Thirdly, climbing plants, like other plants, bend towards the light by a movement closely analogous to the incurvation which causes them to revolve, so that their revolving movement is often accelerated or retarded in travelling to or from the light. On the other hand, in a few instances tendrils bend towards the dark.
Fourthly, we have the spontaneous revolving movement which is independent of any outward stimulus, but is contingent on the youth of the part, and on vigorous health; and this again of course depends on a proper temperature and other favourable conditions of life.
Fifthly, tendrils, whatever their homological nature may be, and the petioles or tips of the leaves of leaf-climbers, and apparently certain roots, all have the power of movement when touched, and bend quickly towards the touched side. Extremely slight pressure often suffices. If the pressure be not permanent, the part in question straightens itself and is again ready to bend on being touched.
Sixthly, and lastly, tendrils, soon after clasping a support, but not after a mere temporary curvature, contract spirally. If they have not come into contact with any object, they ultimately contract spirally, after ceasing to revolve; but in this case the movement is useless, and occurs only after a considerable lapse of time.
With respect to the means by which these various movements are effected, there can be little doubt from the researches of Sachs and H. de Vries, that they are due to unequal growth; but from the reasons already assigned, I cannot believe that this explanation applies to the rapid movements from a delicate touch.
Finally, climbing plants are sufficiently numerous to form a conspicuous feature in the vegetable kingdom, more especially in tropical forests.

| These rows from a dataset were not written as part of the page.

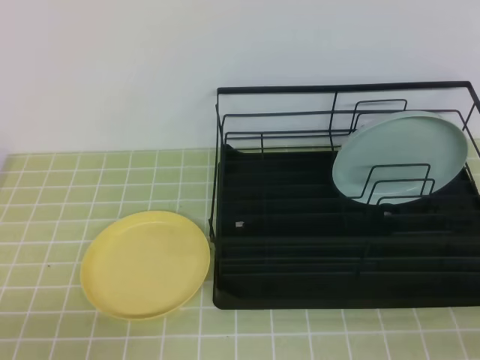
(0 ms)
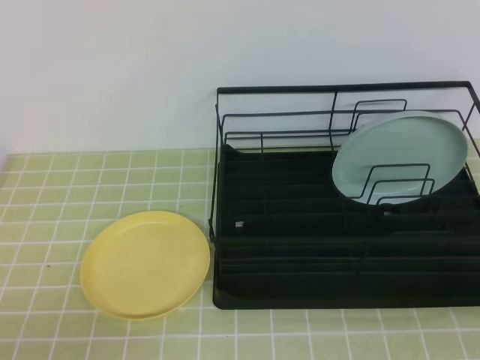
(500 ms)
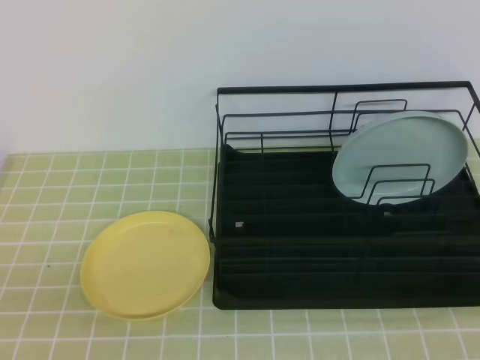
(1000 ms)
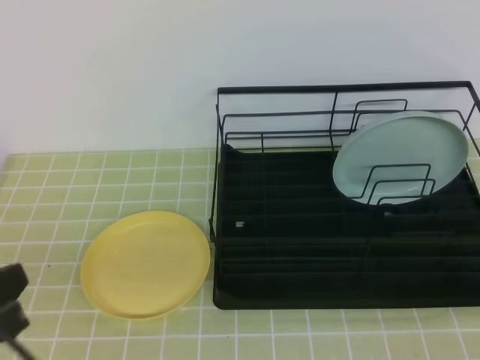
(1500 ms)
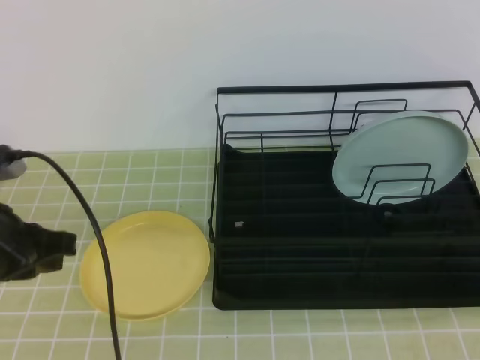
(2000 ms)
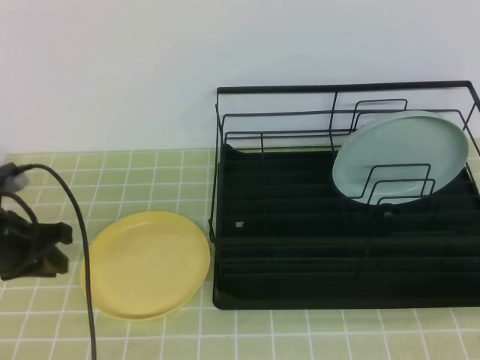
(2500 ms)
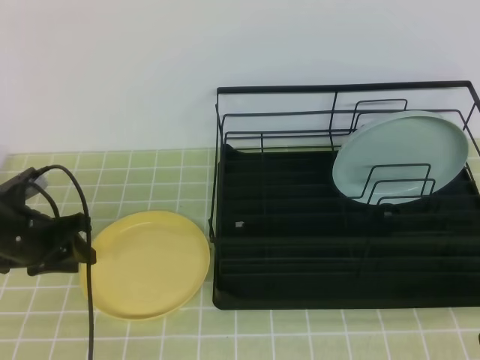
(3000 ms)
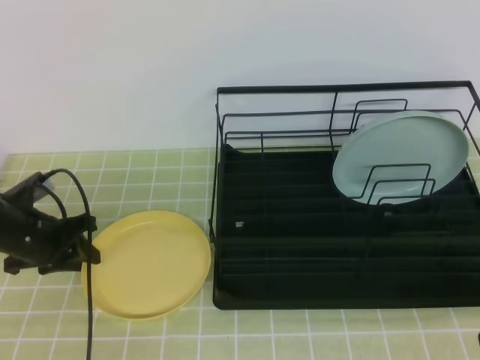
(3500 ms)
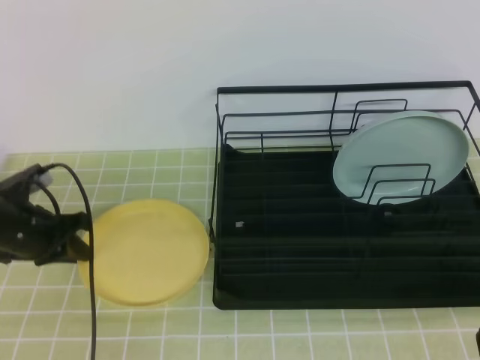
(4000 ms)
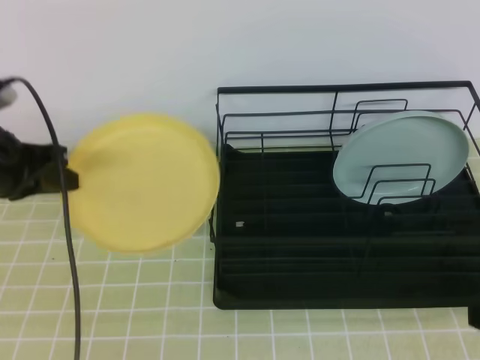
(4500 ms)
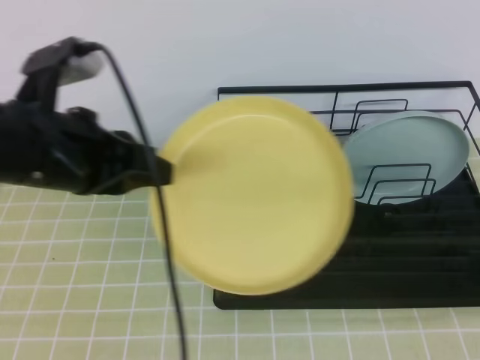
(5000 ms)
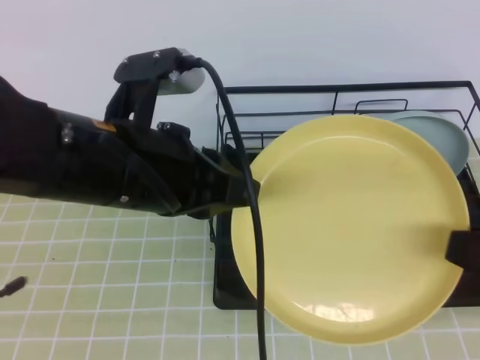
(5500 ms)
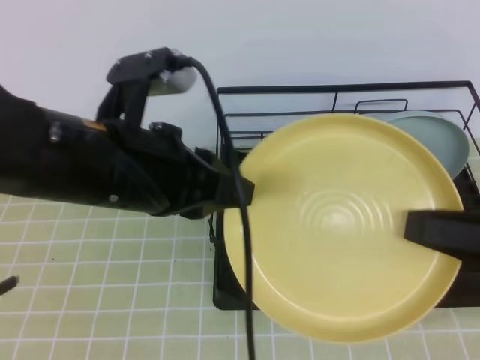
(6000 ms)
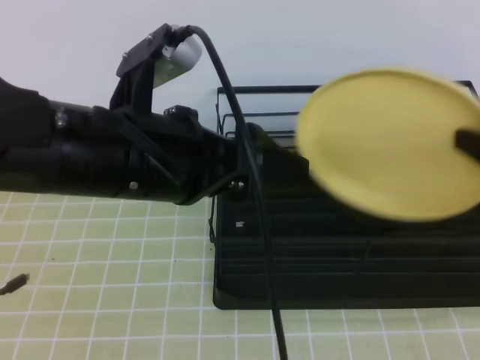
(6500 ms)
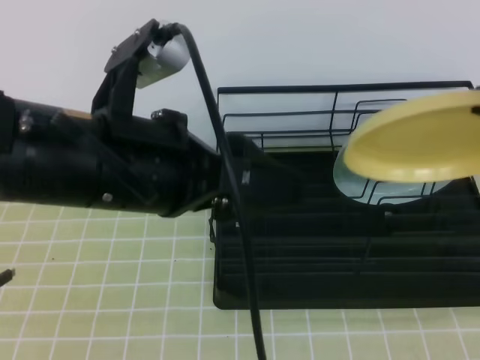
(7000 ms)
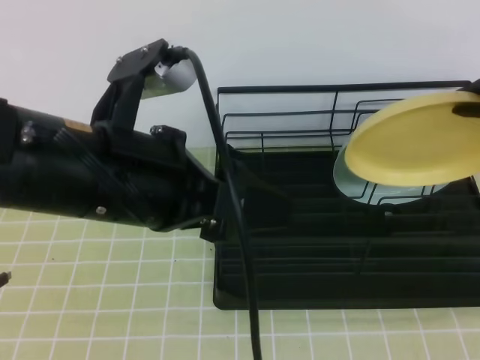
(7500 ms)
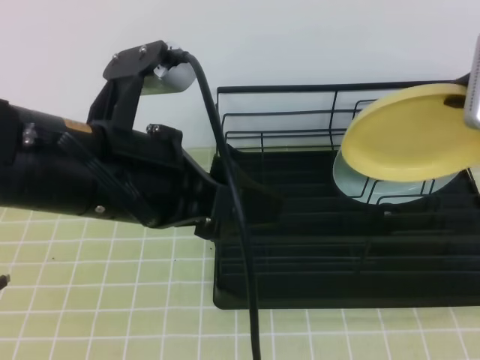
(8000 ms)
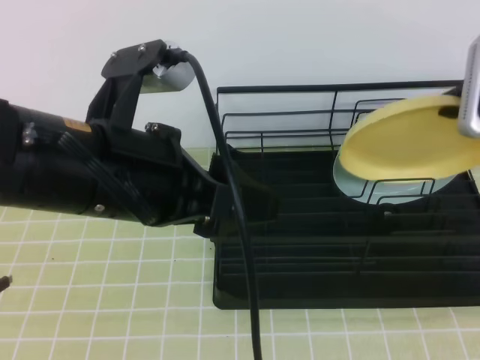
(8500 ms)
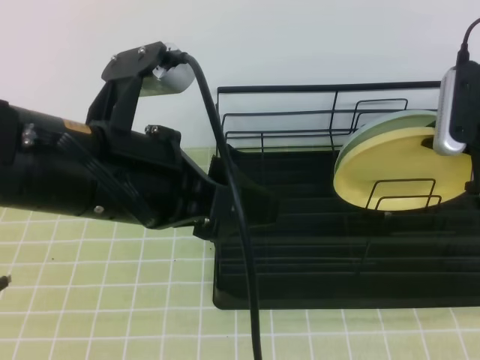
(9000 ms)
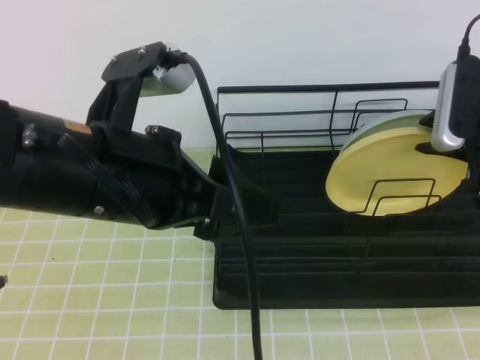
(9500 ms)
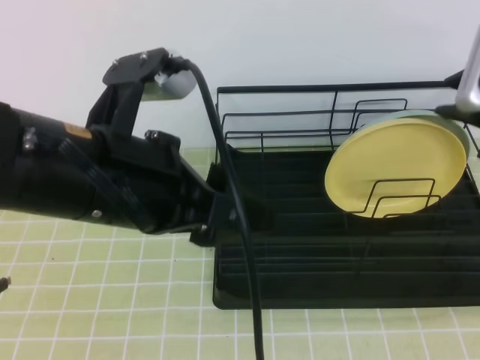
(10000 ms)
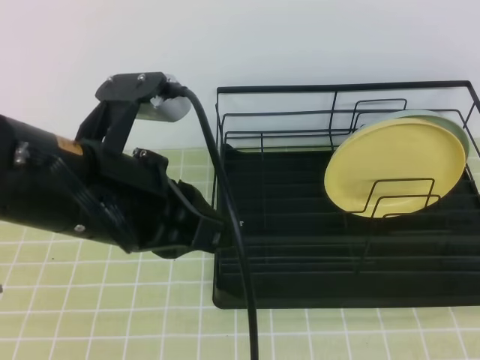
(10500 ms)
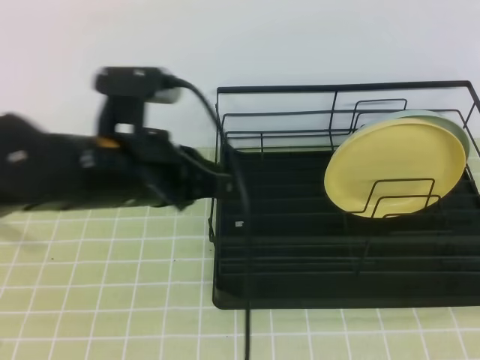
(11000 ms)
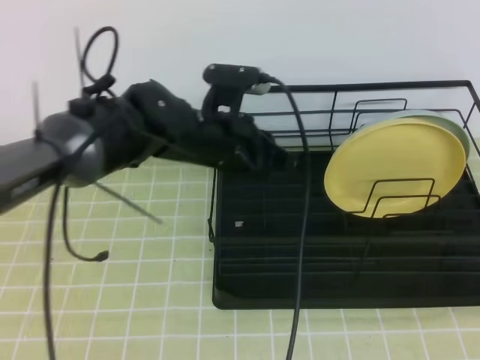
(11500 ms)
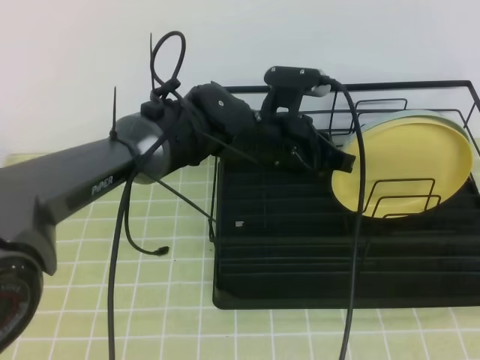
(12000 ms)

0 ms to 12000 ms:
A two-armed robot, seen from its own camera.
0 ms to 2000 ms: The left gripper goes some 20 cm forward and upward, while the right gripper heads upward, covering some 10 cm.
2000 ms to 4000 ms: The left gripper heads forward and downward, covering some 15 cm, and opens, then closes once more.
4000 ms to 6000 ms: The left gripper shifts roughly 30 cm upward, to the right and backward. Meanwhile the right gripper heads forward, covering some 5 cm, and opens its fingers.
6000 ms to 8000 ms: The left gripper opens its fingers; the right gripper moves forward, about 15 cm.
8000 ms to 10000 ms: The right gripper opens.
10000 ms to 12000 ms: The left gripper is displaced forward, to the right and downward by some 25 cm, and closes up; the right gripper shifts some 20 cm backward, and closes its fingers.

America, which so abounds with arboreal animals, as Mr. Bates remarks, likewise abounds according to Mohl and Palm with climbing plants; and of the tendril-bearing plants examined by me, the highest developed kinds are natives of this grand continent, namely, the several species of Bignonia, Eccremocarpus, Cobaea, and Ampelopsis. But even in the thickets of our temperate regions the number of climbing species and individuals is considerable, as will be found by counting them. They belong to many and widely different orders. To gain some rude idea of their distribution in the vegetable series, I marked, from the lists given by Mohl and Palm (adding a few myself, and a competent botanist, no doubt, could have added many more), all those families in Lindley's 'Vegetable Kingdom' which include twiners, leaf-climbers, or tendril-bearers. Lindley divides Phanerogamic plants into fifty-nine Alliances; of these, no less than thirty-five include climbing plants of the above kinds, hook and root-climbers being excluded. To these a few Cryptogamic plants must be added. When we reflect on the wide separation of these plants in the series, and when we know that in some of the largest, well-defined orders, such as the Compositae, Rubiaceae, Scrophulariaceae, Liliaceae, &c., species in only two or three genera have the power of climbing, the conclusion is forced on our minds that the capacity of revolving, on which most climbers depend, is inherent, though undeveloped, in almost every plant in the vegetable kingdom.

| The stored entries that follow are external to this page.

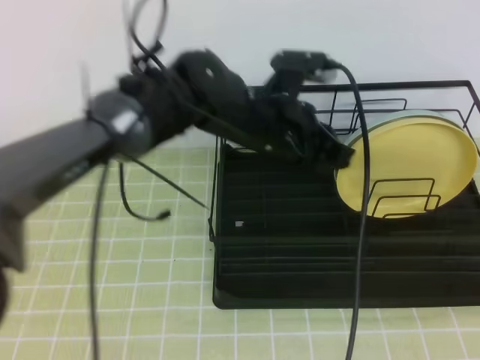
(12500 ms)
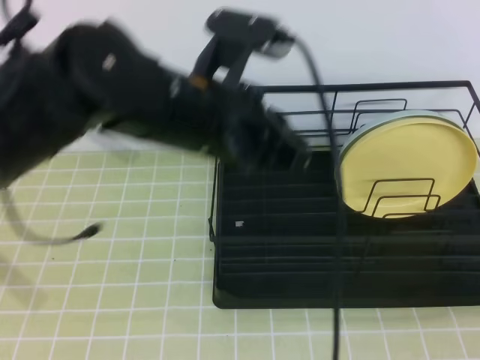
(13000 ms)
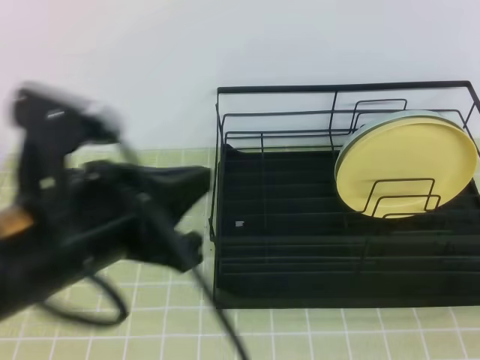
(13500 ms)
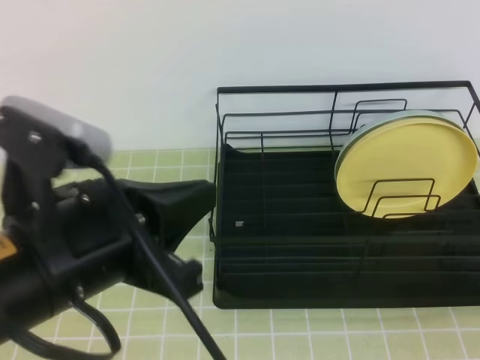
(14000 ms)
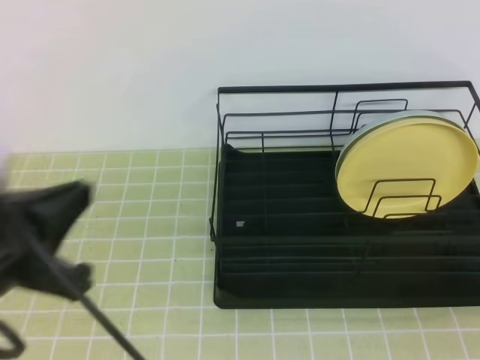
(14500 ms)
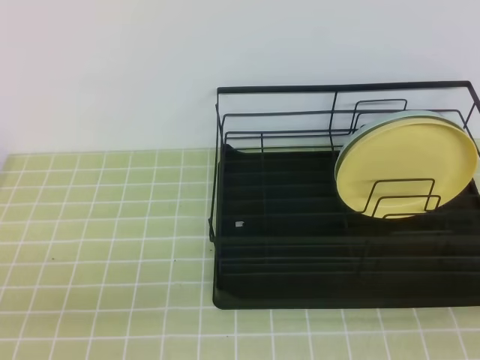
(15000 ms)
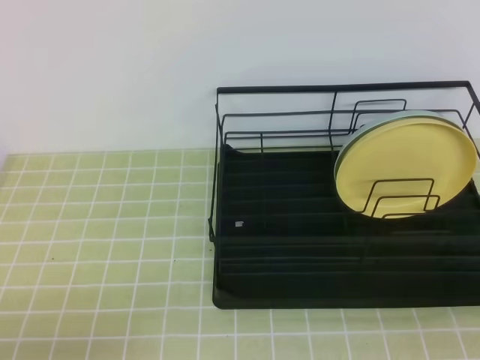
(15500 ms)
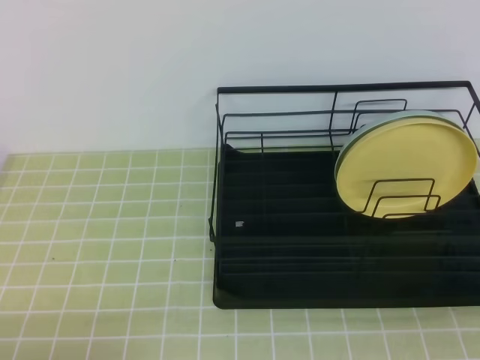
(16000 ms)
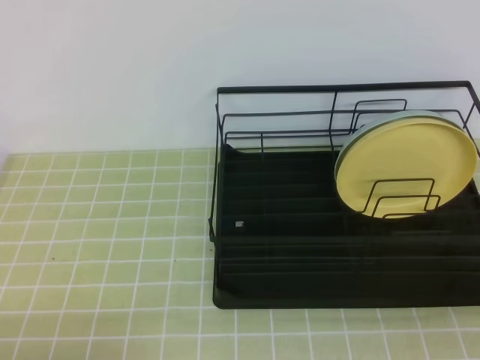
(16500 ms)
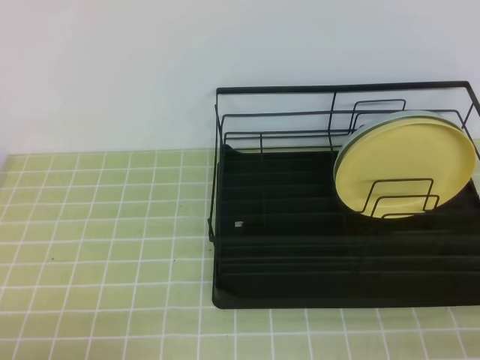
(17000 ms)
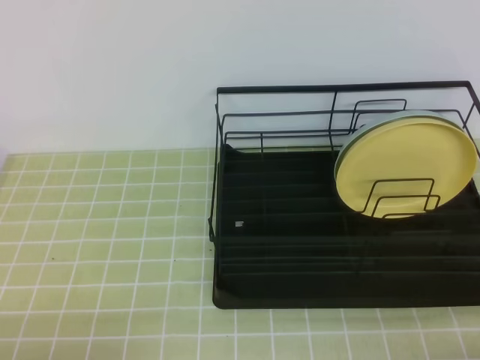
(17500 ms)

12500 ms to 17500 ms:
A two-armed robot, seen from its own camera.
12500 ms to 15000 ms: The right gripper moves downward and backward, some 15 cm. The left gripper is displaced backward and to the left by roughly 40 cm.
15000 ms to 17500 ms: The right gripper shifts some 5 cm downward.

It has often been vaguely asserted that plants are distinguished from animals by not having the power of movement. It should rather be said that plants acquire and display this power only when it is of some advantage to them; this being of comparatively rare occurrence, as they are affixed to the ground, and food is brought to them by the air and rain. We see how high in the scale of organization a plant may rise, when we look at one of the more perfect tendril-bearers. It first places its tendrils ready for action, as a polypus places its tentacula. If the tendril be displaced, it is acted on by the force of gravity and rights it self. It is acted on by the light, and bends towards or from it, or disregards it, whichever may be most advantageous. During several days the tendrils or internodes, or both, spontaneously revolve with a steady motion. The tendril strikes some object, and quickly curls round and firmly grasps it. In the course of some hours it contracts into a spire, dragging up the stem, and forming an excellent spring. All movements now cease. By growth the tissues soon become wonderfully strong and durable. The tendril has done its work, and has done it in an admirable manner.